Dietary antioxidants, such as green tea extract, have been shown to alleviate oxidative stress and enhance oocyte competence in buffalos (28). Similarly, supplementation of in vitro culture systems with antioxidants, including melatonin, resveratrol, N-acetylcysteine, astaxanthin and glutathione, has been shown to attenuate oxidative stress, thereby enhancing oocyte maturation and its developmental competence. These agents also contribute to improved blastocyst yield, cryotolerance, and the regulation of genes critical for early embryogenesis (29-33). These findings indicate that targeted modulation of TOS, through antioxidant supplementation or optimized management of the follicular microenvironment, may represent a promising strategy to enhance OPU-IVP protocols in buffalo. Approaches such as enriched culture media or pre-treatment interventions could further support oocyte quality and subsequent embryonic development, underscoring the critical role of oxidative balance in reproductive success.

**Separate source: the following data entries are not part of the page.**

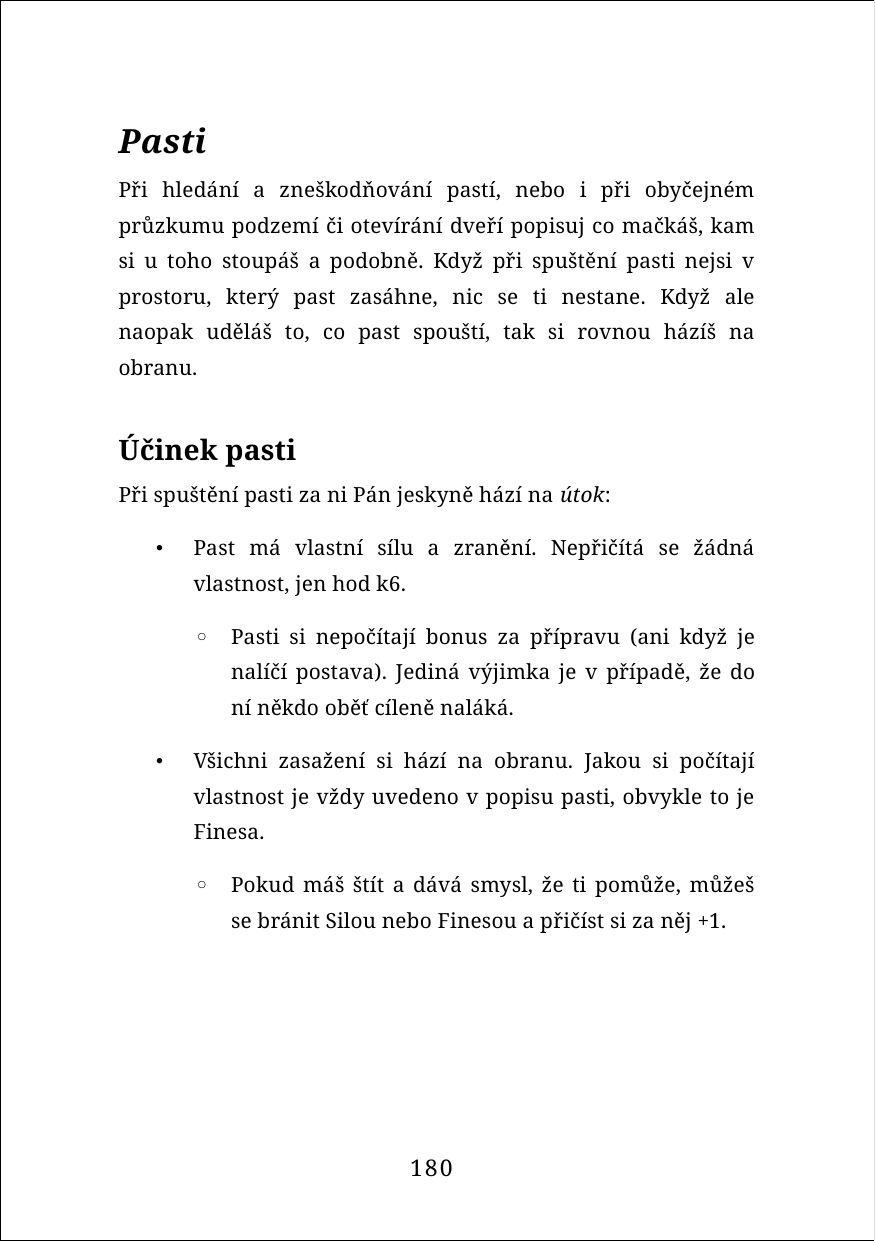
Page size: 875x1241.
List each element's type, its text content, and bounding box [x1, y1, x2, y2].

text Při hledání a zneškodňování pastí, nebo i při obyčejném průzkumu podzemí či otevírání dveří popisuj co mačkáš, kam si u toho stoupáš a podobně. Když při spuštění pasti nejsi v prostoru, který past zasáhne, nic se ti nestane. Když ale naopak uděláš to, co past spouští, tak si rovnou házíš na obranu. [118, 175, 756, 381]
list Past má vlastní sílu a zranění. Nepřičítá se žádná vlastnost, jen hod k6. [156, 533, 756, 597]
subtitle Účinek pasti [118, 430, 756, 468]
subtitle Pasti [118, 118, 756, 164]
text Při spuštění pasti za ni Pán jeskyně hází na útok: [118, 480, 756, 508]
list Všichni zasažení si hází na obranu. Jakou si počítají vlastnost je vždy uvedeno v popisu pasti, obvykle to je Finesa. [156, 746, 756, 846]
list Pasti si nepočítají bonus za přípravu (ani když je nalíčí postava). Jediná výjimka je v případě, že do ní někdo oběť cíleně naláká. [193, 622, 756, 721]
list Pokud máš štít a dává smysl, že ti pomůže, můžeš se bránit Silou nebo Finesou a přičíst si za něj +1. [193, 871, 756, 934]

Despite providing valuable insights, this study was subject to some limitations. For instance, the sample size was relatively small (n=29), and although TOS provides an integrative measure of the overall oxidant burden, assessing total antioxidant capacity (TAC) alongside TOS would have yielded a more comprehensive understanding of the redox status. To enhance the robustness and generalizability of these findings, future research should involve larger cohorts, integrate multi-omics approaches (34), and validate TOS thresholds across heterogeneous buffalo populations. Furthermore, longitudinal studies evaluating pregnancy and live birth outcomes following embryo transfer are warranted to more definitively establish the clinical utility of TOS as a predictive marker in assisted reproductive protocols. Collectively, addressing these limitations will strengthen the translational relevance of oxidative stress assessments in improving buffalo reproductive management.
Conclusion
Our findings indicate that elevated oxidative stress, as reflected by TOS levels, is associated with reduced buffalo oocyte quality and impaired developmental competence. These results suggest that targeted modulation of the redox balance, through antioxidant supplementation or optimization of the follicular microenvironment, may help improve OPU-IVP outcomes. Future studies addressing current limitations and validating predictive biomarkers such as TOS are warranted to further support the translation of these findings into effective reproductive management strategies.
Conflict of Interest
The authors declare that there is no conflict of interest that could have influenced the outcomes or interpretation of this study.